We can see here that the data is very skewed, and there are some very significant outliers at the high end (no prizes for guessing which countries they are).

A weakness of a box plot is that it doesn’t actually show the distribution of the data. One way to do this is to add what is called jitter, which actually plots the values of each case, with a ‘jitter’ to avoid overlapping identical values.

So, we can see here that most of the data is clustered towards the bottom of the range - i.e. very low GDPph. This is of course the same conclusion as the historgram allowed us to draw. But, the box plot also gives us plenty of other information about the variable.

Even so, while box plots are nice, they can also obscure important facts about the distribution. Adding the jitter helps, but there are other ways to display this type of data that make the distribution more obvious.

2.3 Violin Plots and Ridge Plots

Here, I’m going to give you a set of even more underused data displays, which can show some powerful things about variables.

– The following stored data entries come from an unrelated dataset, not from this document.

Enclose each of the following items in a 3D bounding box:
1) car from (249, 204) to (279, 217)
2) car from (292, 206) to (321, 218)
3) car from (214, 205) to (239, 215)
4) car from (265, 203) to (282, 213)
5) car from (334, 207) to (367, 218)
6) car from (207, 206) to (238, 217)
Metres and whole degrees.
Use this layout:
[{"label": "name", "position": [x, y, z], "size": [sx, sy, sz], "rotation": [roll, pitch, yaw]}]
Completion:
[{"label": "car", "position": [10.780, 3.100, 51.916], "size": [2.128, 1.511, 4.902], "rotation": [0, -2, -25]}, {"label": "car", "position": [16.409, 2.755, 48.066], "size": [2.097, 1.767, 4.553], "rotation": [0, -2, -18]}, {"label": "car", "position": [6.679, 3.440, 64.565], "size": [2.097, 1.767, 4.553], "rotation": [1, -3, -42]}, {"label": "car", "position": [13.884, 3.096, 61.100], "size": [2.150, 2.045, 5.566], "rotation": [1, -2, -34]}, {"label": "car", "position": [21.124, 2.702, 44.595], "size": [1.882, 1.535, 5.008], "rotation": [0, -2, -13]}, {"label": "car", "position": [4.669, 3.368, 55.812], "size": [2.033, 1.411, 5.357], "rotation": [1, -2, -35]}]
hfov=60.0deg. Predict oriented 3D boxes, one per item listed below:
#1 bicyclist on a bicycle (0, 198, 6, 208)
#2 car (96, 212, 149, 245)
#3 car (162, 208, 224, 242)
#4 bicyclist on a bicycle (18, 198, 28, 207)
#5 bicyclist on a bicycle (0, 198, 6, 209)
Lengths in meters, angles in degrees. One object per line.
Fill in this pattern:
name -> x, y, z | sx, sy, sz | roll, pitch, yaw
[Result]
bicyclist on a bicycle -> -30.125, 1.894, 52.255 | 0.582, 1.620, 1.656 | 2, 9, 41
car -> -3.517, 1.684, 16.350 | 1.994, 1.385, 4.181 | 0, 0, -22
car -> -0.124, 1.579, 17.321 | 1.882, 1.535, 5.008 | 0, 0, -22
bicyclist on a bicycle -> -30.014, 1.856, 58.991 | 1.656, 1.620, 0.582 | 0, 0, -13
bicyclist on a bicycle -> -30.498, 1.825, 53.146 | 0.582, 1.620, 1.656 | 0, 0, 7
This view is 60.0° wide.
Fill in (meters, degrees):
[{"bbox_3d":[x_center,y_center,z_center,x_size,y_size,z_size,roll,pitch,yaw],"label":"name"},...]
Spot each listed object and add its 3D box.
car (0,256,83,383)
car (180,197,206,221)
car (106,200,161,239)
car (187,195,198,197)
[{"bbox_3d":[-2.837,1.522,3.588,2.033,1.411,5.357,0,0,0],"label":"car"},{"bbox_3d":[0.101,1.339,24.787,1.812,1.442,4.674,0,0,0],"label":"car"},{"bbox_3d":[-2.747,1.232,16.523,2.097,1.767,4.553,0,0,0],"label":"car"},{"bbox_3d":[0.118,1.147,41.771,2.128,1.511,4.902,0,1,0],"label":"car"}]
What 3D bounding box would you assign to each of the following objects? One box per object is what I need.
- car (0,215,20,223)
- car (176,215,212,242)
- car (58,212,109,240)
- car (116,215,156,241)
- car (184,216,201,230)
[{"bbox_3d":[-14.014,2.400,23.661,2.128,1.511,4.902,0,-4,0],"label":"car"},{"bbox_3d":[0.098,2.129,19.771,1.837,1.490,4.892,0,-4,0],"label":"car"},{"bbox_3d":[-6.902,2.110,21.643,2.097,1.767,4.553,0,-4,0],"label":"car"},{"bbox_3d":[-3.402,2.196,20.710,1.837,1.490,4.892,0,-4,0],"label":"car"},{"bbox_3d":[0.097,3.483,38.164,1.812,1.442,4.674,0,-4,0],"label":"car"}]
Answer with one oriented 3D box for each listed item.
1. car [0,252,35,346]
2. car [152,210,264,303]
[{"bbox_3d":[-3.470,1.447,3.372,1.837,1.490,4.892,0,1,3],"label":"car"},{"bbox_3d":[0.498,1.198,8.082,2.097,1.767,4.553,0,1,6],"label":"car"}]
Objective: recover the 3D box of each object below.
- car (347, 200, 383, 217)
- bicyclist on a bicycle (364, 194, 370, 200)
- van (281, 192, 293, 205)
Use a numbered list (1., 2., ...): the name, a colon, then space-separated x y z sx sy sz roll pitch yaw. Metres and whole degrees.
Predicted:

In order to do so, I am going to simulate some data, to make sure it has exactly the features I want to show.

First, let’s create the data and use box plots to display it, such as you are already experienced with above.

That’s all very well, but as we know, this can obsure the distribution. So, let’s add jitter:

Well, look at that. B has what is called a bimodal distribution.

Lets look at what is called a violin plot to emphasize this:

Neat! You can see how the violin plot really emphasizes the differences in the distributions, which are totally obscured by the box plots, and only partially shown by adding the jitter.

Another way to visualize this is with ridges, which basically compare the distributions of variables together:

These are really cool in my view. And, if you are asking me, my preference in this type of situation would be to combine jittered box plots, which show the basics, and emphasize the outliers and summary numbers, with ridge plots, which show a really nice visualization of the distributions of each variable. Taken together, these plots allow us to understand a surprisingly large amount of important information about variables.